Die passend in bekenntnishafter Ich-Form gehaltene Geschichte, die Falter-Leser schon kennen und die im Frühjahr auch ins Kino kommt, ist schnell erzählt: Der streitlustige Jurist Klenk legt sich im Streit um ein Urteil, das Angehörigen einer von einer Kuh totgetrampelten Frau Schadenersatz zuspricht, mit der Bauernlobby an. Auf Facebook wird er von einem besonders verhöhnt. Es kommt, wie es kommen muss. Klenk redet mit ihm und fährt auf ein mehrtägiges Praktikum auf die Alm. Für Klenk wird es zu einer Art Damaskuserlebnis.

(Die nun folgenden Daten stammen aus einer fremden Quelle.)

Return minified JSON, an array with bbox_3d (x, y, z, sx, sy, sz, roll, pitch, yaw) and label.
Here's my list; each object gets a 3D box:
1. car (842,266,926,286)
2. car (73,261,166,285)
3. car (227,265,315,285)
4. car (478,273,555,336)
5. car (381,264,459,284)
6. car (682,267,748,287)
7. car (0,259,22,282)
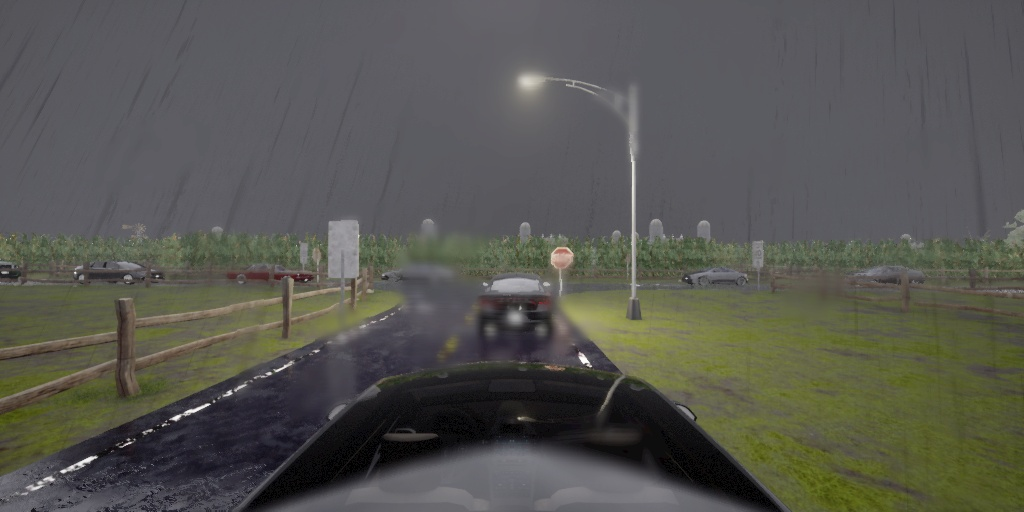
[{"bbox_3d":[26.882,1.498,26.024,4.902,1.511,2.128,1,-1,0],"label":"car"},{"bbox_3d":[-25.609,1.066,23.463,4.892,1.490,1.837,0,-1,1],"label":"car"},{"bbox_3d":[-15.569,1.229,23.353,4.718,1.301,1.895,0,-1,2],"label":"car"},{"bbox_3d":[0.152,1.230,10.478,1.882,1.535,5.008,0,0,2],"label":"car"},{"bbox_3d":[-6.664,1.288,26.272,5.357,1.411,2.033,0,-1,0],"label":"car"},{"bbox_3d":[14.719,1.470,26.116,4.181,1.385,1.994,0,-1,1],"label":"car"},{"bbox_3d":[-35.973,0.717,23.549,5.566,2.045,2.150,0,-1,1],"label":"car"}]
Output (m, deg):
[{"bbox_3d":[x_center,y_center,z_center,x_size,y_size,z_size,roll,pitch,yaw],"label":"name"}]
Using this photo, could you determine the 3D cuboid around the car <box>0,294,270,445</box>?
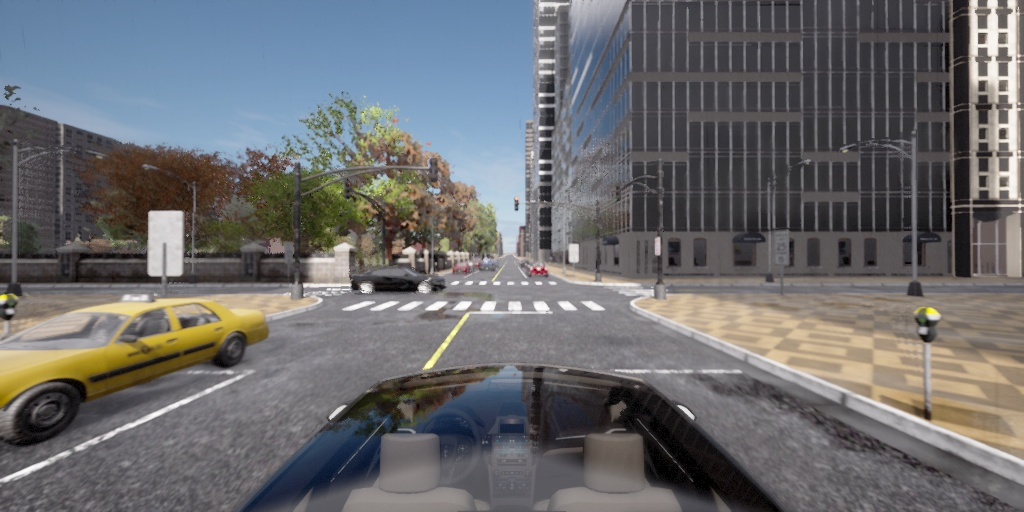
[{"bbox_3d":[-5.831,1.286,5.317,1.751,1.417,4.829,0,0,0],"label":"car"}]

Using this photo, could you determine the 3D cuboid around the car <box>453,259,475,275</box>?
[{"bbox_3d":[-5.839,1.397,41.888,1.888,1.381,4.507,0,0,0],"label":"car"}]

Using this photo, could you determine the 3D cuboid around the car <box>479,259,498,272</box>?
[{"bbox_3d":[-3.258,1.431,48.046,1.994,1.385,4.181,0,0,0],"label":"car"}]

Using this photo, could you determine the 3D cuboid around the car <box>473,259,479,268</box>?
[{"bbox_3d":[-5.861,1.417,47.571,2.007,1.370,4.403,0,0,0],"label":"car"}]

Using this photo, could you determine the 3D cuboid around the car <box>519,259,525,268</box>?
[{"bbox_3d":[2.456,1.469,64.647,1.948,1.339,4.313,0,0,0],"label":"car"}]

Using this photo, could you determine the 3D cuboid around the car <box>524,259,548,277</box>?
[{"bbox_3d":[2.563,1.276,36.242,1.967,1.591,4.097,0,0,0],"label":"car"}]

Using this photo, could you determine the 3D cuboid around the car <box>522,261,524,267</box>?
[{"bbox_3d":[2.541,1.416,41.922,1.948,1.339,4.313,0,0,0],"label":"car"}]

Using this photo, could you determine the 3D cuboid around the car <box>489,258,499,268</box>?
[{"bbox_3d":[-3.252,1.454,64.854,2.033,1.411,5.357,0,0,0],"label":"car"}]

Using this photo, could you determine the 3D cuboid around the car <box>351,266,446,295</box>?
[{"bbox_3d":[-6.141,1.315,19.594,5.008,1.535,1.882,0,0,1],"label":"car"}]
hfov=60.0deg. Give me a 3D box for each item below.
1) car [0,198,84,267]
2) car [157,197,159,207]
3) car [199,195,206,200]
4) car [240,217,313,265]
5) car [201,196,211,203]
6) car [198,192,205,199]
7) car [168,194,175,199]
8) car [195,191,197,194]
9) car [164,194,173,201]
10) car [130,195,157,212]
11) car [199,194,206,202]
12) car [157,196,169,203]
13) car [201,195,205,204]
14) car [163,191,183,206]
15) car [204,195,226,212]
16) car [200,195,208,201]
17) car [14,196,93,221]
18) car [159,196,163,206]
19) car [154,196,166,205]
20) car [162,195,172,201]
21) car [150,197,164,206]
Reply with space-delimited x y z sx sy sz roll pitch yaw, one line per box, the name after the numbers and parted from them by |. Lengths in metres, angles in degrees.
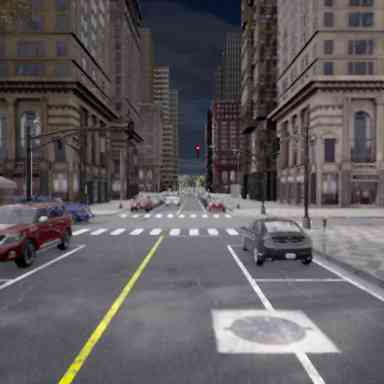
-5.775 1.313 11.485 2.192 1.841 5.009 -1 0 0 | car
-5.764 1.491 43.697 1.752 1.417 4.829 -1 0 0 | car
2.774 1.411 88.198 1.802 1.307 4.206 -1 0 0 | car
2.754 1.548 11.493 2.008 1.369 4.403 -1 0 0 | car
2.768 1.499 66.034 1.802 1.307 4.206 -1 0 0 | car
2.768 1.340 71.575 1.967 1.590 4.097 -1 0 0 | car
-5.750 1.325 93.566 1.752 1.417 4.829 -1 0 0 | car
2.773 1.114 93.736 2.192 1.841 5.009 -1 0 0 | car
-5.754 1.297 82.653 1.967 1.590 4.097 -1 0 0 | car
-5.768 1.290 38.325 2.192 1.841 5.009 -1 0 0 | car
2.766 1.497 60.493 1.947 1.339 4.313 -1 0 0 | car
-5.758 1.483 66.030 1.947 1.339 4.313 -1 0 0 | car
2.764 1.521 49.413 1.947 1.339 4.313 -1 0 0 | car
-3.051 1.171 52.759 2.150 2.045 5.566 0 0 0 | car
2.759 1.414 38.332 1.967 1.590 4.097 -1 0 0 | car
2.771 1.405 77.285 1.752 1.417 4.829 -1 0 0 | car
-9.922 1.315 23.432 5.566 2.045 2.150 0 1 0 | car
-5.762 1.481 49.237 1.752 1.417 4.829 -1 0 0 | car
-5.760 1.457 60.318 1.752 1.417 4.829 -1 0 0 | car
-5.755 1.462 77.113 1.802 1.307 4.206 -1 0 0 | car
-5.760 1.510 54.948 1.947 1.339 4.313 -1 0 0 | car
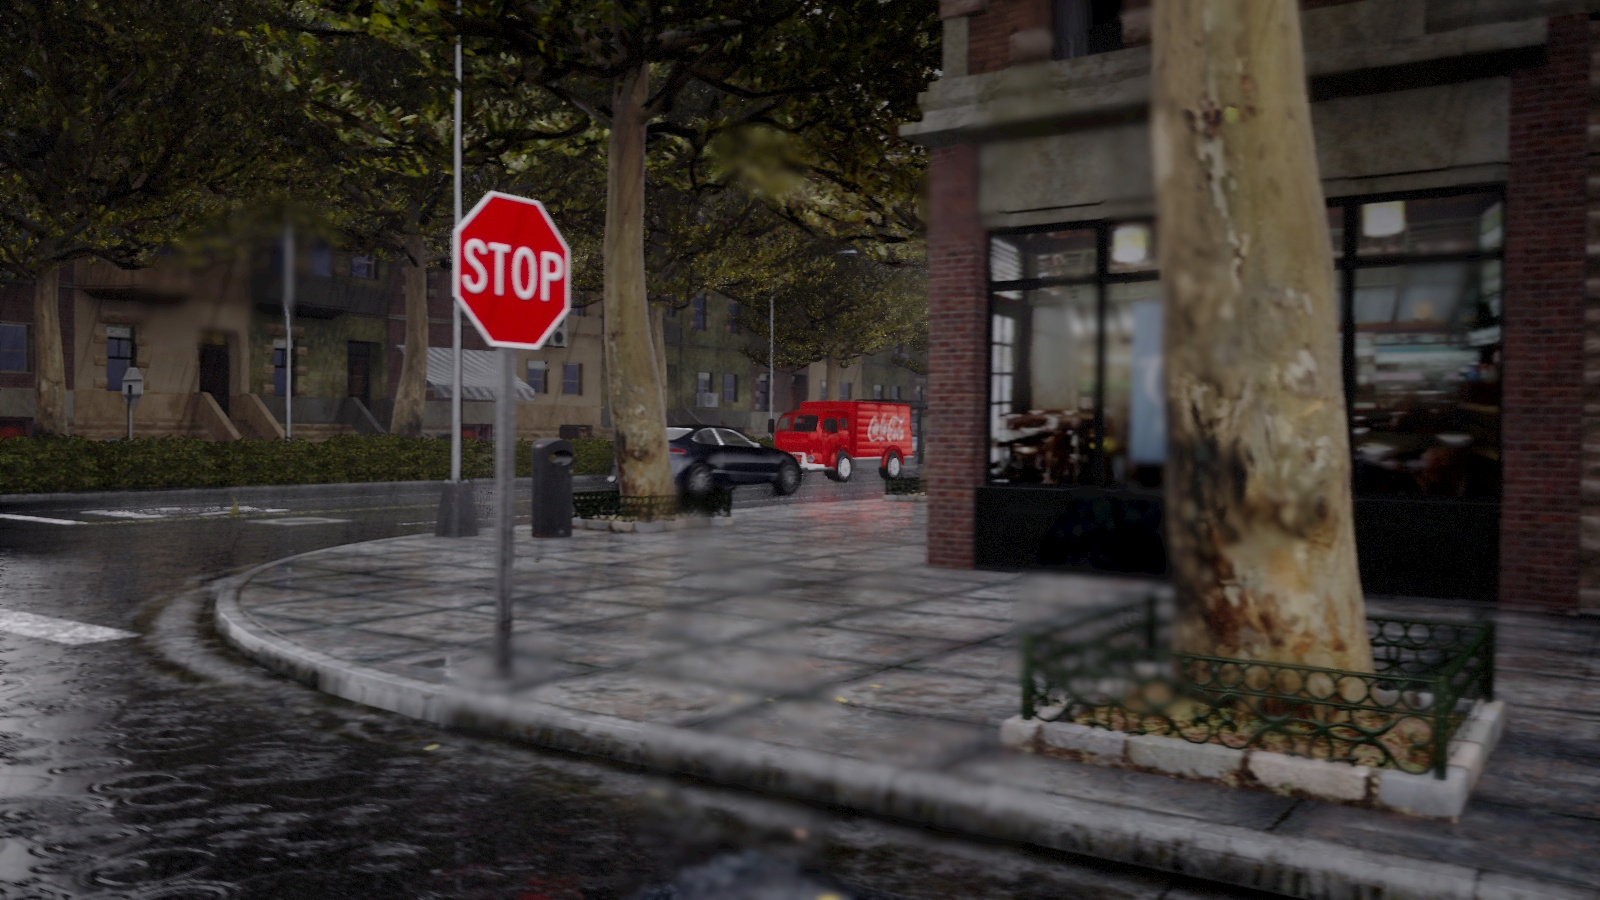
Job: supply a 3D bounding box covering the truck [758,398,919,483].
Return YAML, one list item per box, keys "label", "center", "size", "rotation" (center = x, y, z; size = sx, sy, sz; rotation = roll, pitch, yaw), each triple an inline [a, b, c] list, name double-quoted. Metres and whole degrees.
- label: "truck"
  center: [1.297, -0.314, 39.401]
  size: [2.627, 2.467, 5.204]
  rotation: [0, 1, 35]

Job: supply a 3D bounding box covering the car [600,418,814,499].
- label: "car"
  center: [-1.982, 0.133, 28.428]
  size: [2.152, 1.651, 5.027]
  rotation: [0, 1, 34]
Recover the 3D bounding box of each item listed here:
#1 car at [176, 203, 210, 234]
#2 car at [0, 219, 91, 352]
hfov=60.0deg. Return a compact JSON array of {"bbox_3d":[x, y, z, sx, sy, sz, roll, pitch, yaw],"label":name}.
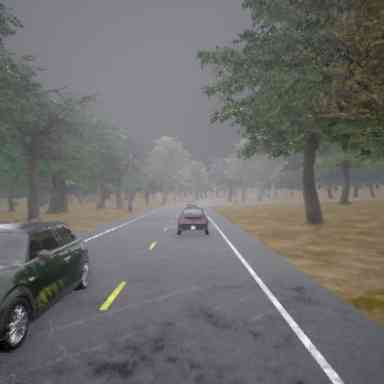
[{"bbox_3d":[0.074,1.710,20.650,1.837,1.490,4.892,0,0,0],"label":"car"},{"bbox_3d":[-3.530,1.407,6.220,2.097,1.767,4.553,0,0,0],"label":"car"}]
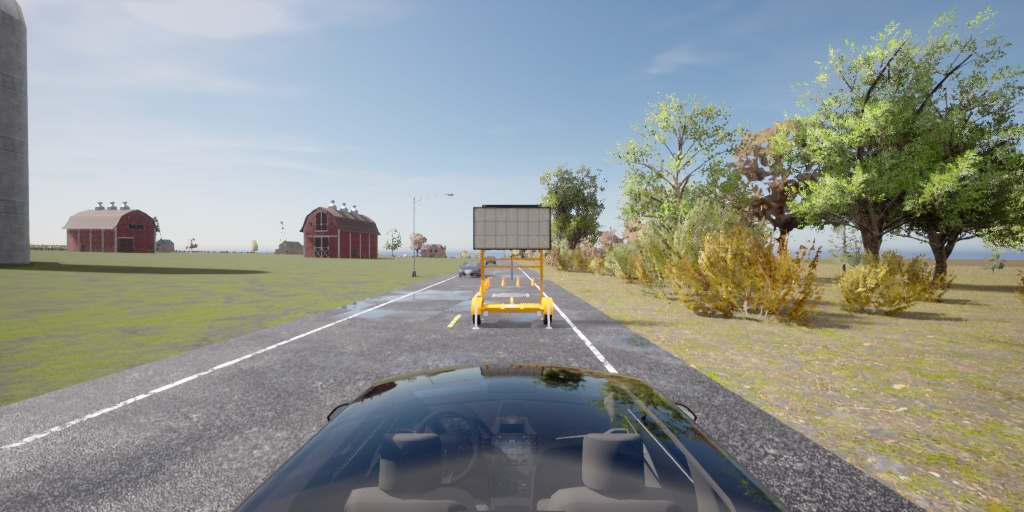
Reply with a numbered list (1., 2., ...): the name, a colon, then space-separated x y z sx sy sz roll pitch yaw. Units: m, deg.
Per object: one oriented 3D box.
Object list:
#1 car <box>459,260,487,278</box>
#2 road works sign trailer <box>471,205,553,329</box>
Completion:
1. car: -3.786 1.239 33.251 2.128 1.511 4.902 0 0 -1
2. road works sign trailer: 0.000 0.213 11.192 2.380 3.560 2.880 0 0 0
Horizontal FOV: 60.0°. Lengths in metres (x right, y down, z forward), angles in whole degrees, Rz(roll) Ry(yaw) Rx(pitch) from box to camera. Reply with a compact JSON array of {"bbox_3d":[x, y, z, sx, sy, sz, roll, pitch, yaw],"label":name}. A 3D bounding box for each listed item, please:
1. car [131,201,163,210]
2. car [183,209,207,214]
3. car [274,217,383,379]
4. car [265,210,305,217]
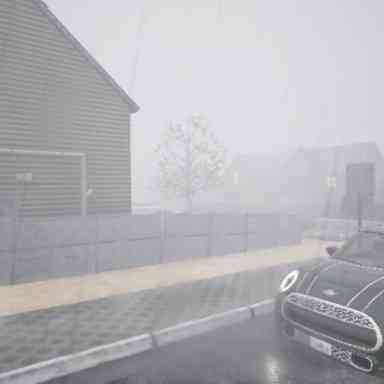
[{"bbox_3d":[-5.496,2.091,39.894,2.150,2.045,5.566,-1,-1,-35],"label":"car"},{"bbox_3d":[0.576,2.225,31.357,1.895,1.301,4.718,-1,-1,-36],"label":"car"},{"bbox_3d":[3.478,1.365,5.515,4.553,1.767,2.097,0,0,-35],"label":"car"},{"bbox_3d":[6.379,1.951,23.200,1.994,1.385,4.181,-1,-1,-36],"label":"car"}]
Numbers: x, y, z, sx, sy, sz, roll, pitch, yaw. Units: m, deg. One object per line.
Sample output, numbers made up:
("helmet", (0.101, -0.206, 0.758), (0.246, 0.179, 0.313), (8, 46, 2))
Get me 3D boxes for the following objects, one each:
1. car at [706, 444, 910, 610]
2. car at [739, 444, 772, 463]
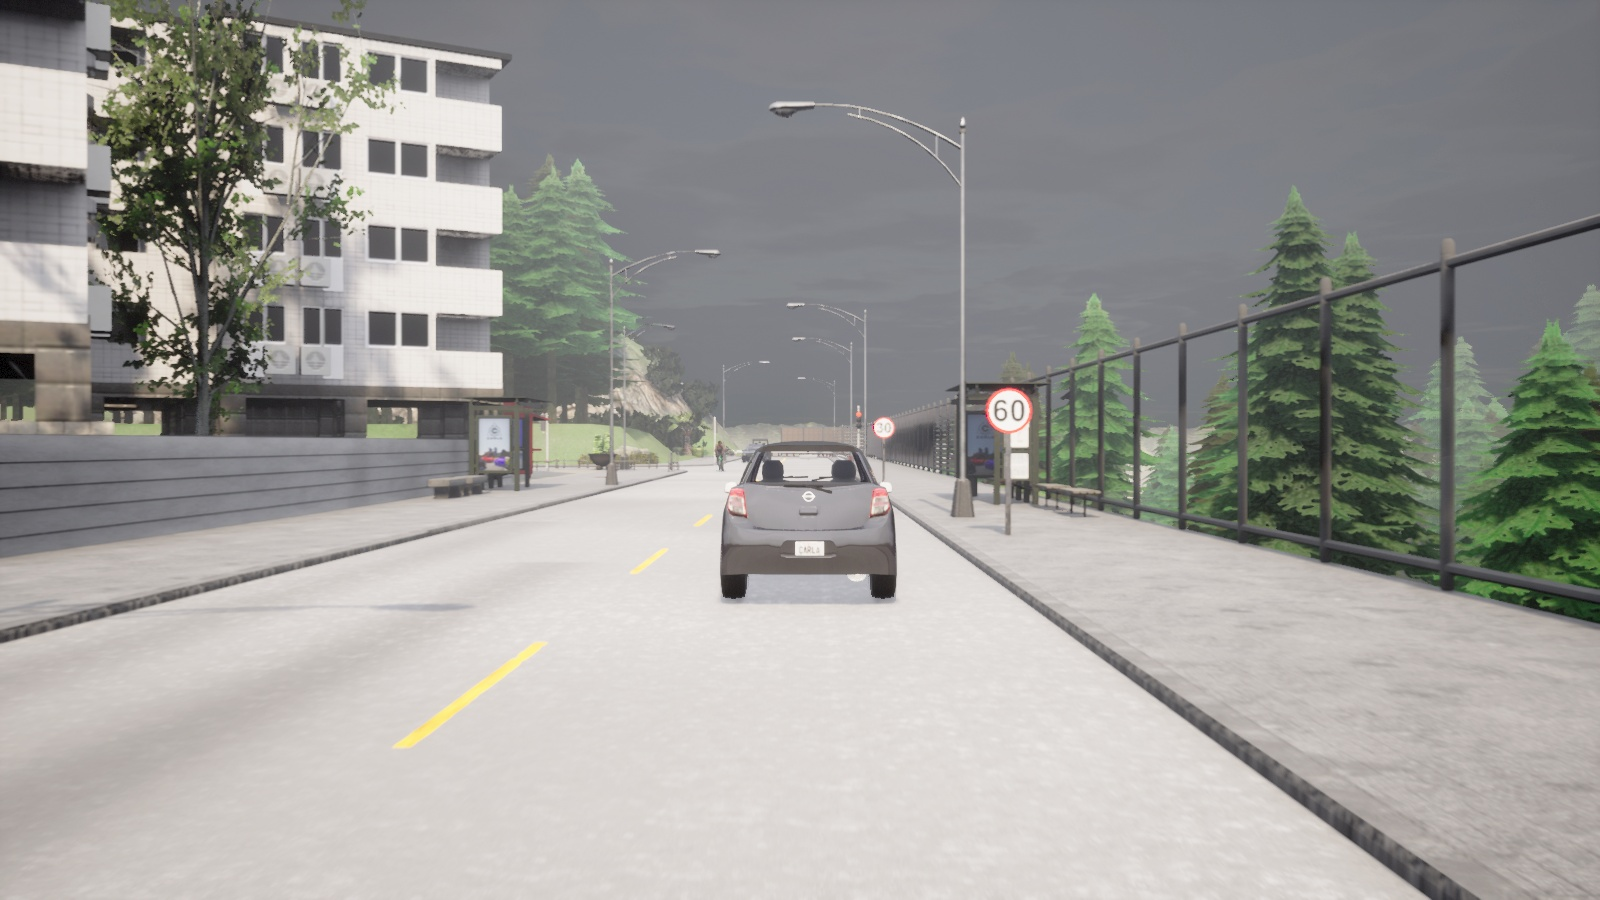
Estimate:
("car", (0.086, 0.686, 13.191), (1.845, 1.501, 3.633), (0, 0, 0))
("car", (-3.369, 0.248, 96.431), (2.033, 1.411, 5.357), (0, 0, 3))
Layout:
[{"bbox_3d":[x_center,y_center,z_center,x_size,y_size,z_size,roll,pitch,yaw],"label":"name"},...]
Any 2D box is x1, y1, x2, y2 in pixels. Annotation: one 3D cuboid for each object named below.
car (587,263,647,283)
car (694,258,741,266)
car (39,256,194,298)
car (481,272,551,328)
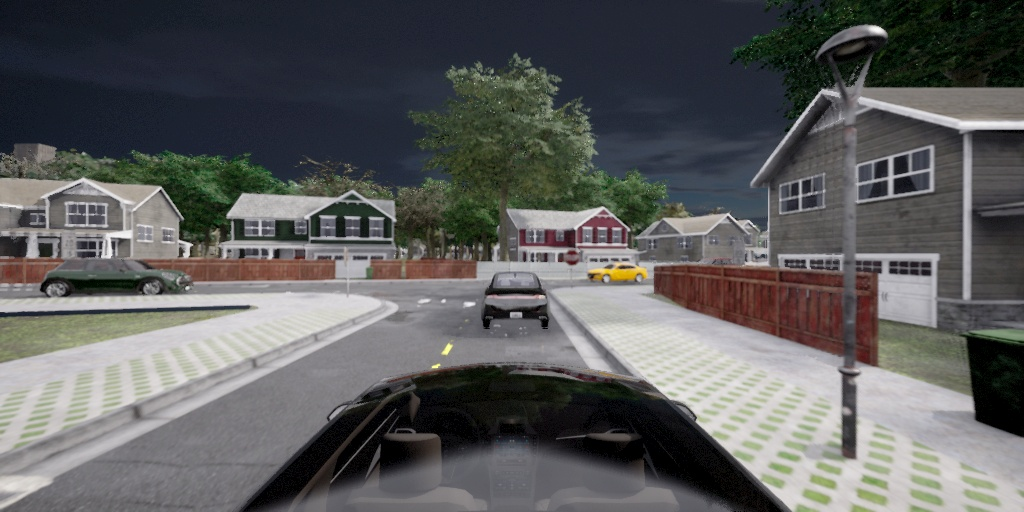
[{"bbox_3d":[8.335,1.312,28.479,5.008,1.535,1.882,1,0,-21],"label":"car"},{"bbox_3d":[17.800,1.156,31.935,5.566,2.045,2.150,1,0,-20],"label":"car"},{"bbox_3d":[-17.288,0.888,16.028,4.553,1.767,2.097,1,0,-20],"label":"car"},{"bbox_3d":[0.104,1.231,11.217,2.128,1.511,4.902,0,0,0],"label":"car"}]
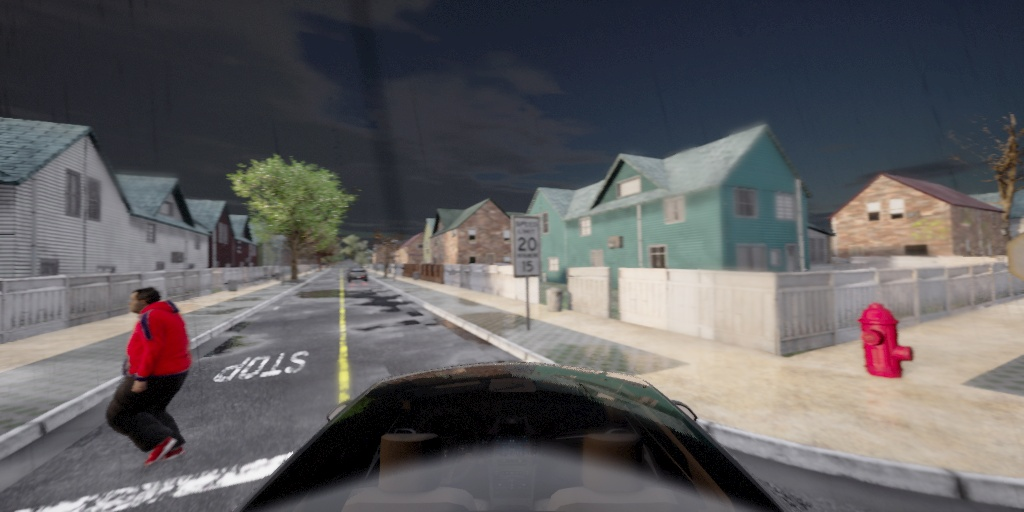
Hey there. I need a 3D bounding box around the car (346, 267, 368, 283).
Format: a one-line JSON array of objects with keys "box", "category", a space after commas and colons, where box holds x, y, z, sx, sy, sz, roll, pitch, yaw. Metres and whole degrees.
[{"box": [-16.192, 1.942, 37.612, 2.128, 1.511, 4.902, 0, -1, -25], "category": "car"}]

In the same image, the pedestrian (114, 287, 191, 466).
[{"box": [-3.544, 1.119, 3.567, 0.375, 1.860, 0.375, 1, -3, -25], "category": "pedestrian"}]

Aus der teilnehmenden Beobachtung auf der Alm mit schlechtem Netzempfang, Facebook-affinem Wutbauern und dessen vorzüglich kochender Mutter erwächst eine Freundschaft. Das Erlebte führt zur Rückbesinnung auf die eigene Familiengeschichte. Stammt doch der Vater des Autors vom Bauernhof aus einem Dorf, das längst nicht so aussieht wie früher. Doch darf der alte Herr sich in eingestreuten Interviewpassagen erinnern, wie das war, als Schweinen nicht die Schwänze kupiert wurden, sie nicht im eigenen Kot auf Spaltenböden vegetierten, kurz, als das Tier noch Kreatur und nicht vor allem Produkt war. Alles vielfach erzählt, beschrieben und analysiert.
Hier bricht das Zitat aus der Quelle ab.